Monday, June 23, 2014



Healthy Worry. Worry is an anxious preoccupation with an anticipated negative event. Worry helps us adapt by directing attention to true problems that once identified can then be addressed. In this way worry is effective in managing the many, real challenges of life.
Unhealthy Worry. For some people the adaptive process of worry breaks down. Their worries no longer motivate effective problem solving and instead they become stuck in thinking about everything that could go wrong. They are plagued with thoughts and images of disastrous outcomes that in reality may never come to be.
Dwelling on the Past. While obsessive worry is focused on future outcomes, rumination is an uncontrolled preoccupation with the past. Rumination is experienced as guilt, regret, anger, over perceived mistakes, losses, slights, actions taken or not taken, opportunities forever lost. Rumination is often accompanied by excessively harsh criticism and the overwhelming belief that if things had only been different then existing and future misery could have been avoided.

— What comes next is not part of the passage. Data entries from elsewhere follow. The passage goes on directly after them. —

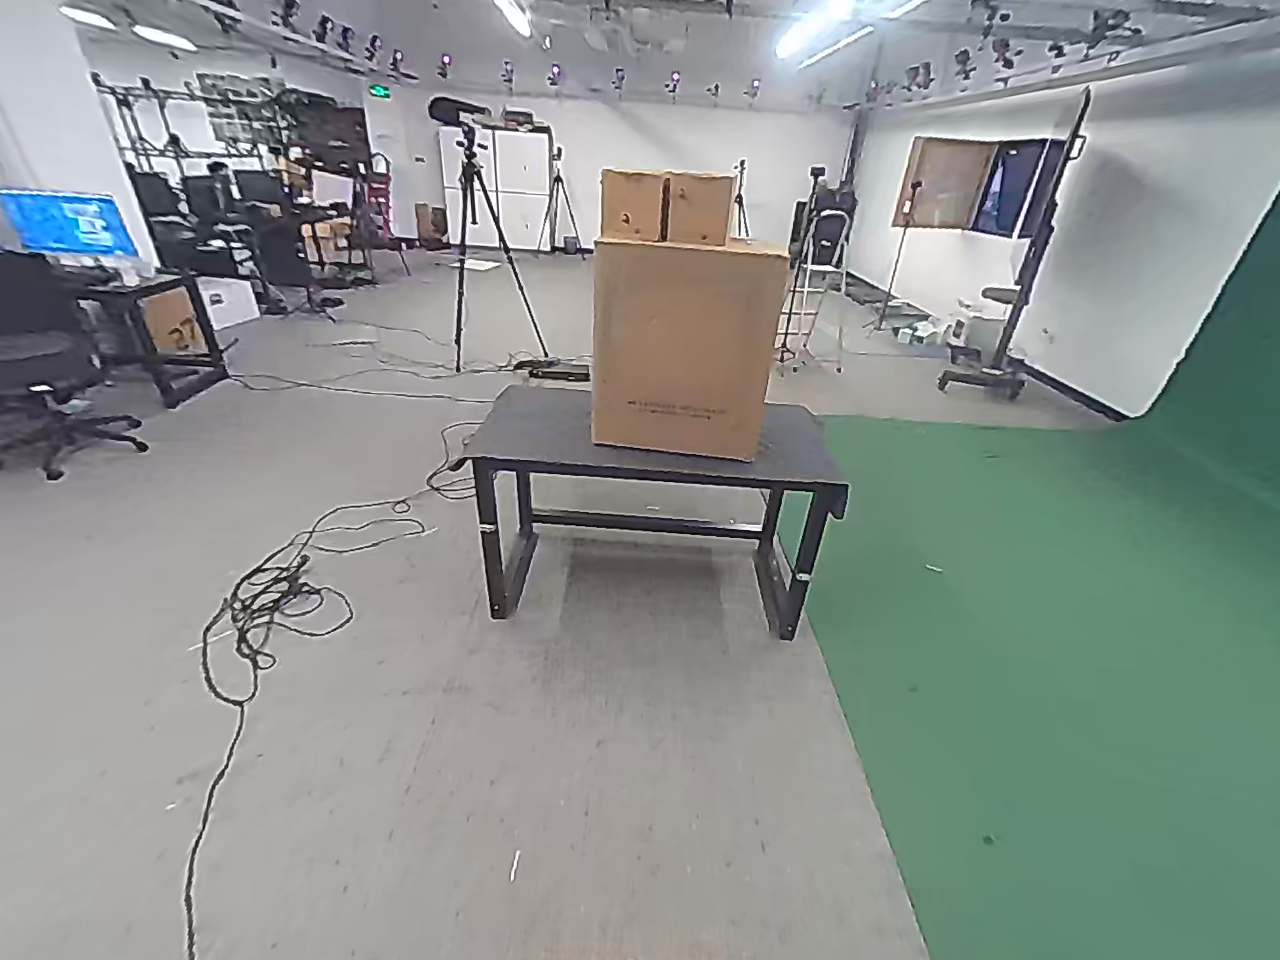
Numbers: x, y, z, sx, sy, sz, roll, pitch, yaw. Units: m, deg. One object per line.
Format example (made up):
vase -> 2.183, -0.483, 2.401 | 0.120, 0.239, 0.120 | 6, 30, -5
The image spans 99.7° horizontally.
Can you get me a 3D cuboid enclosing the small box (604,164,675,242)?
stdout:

 The Damage Done. Worry and rumination intensify and prolong distressing emotional states. Worry reinforces anxious feelings – you literally scare yourself – which, in turn, only leads to more worry. The process can extend into anxious periods lasting hours, days, weeks, even years, at times spiraling into panic attacks and emotional “spikes” of anger, guilt and shame. Rumination reinforces feelings of sadness, hopelessness and anger, and if left unchecked, can sink into depression and withdrawal.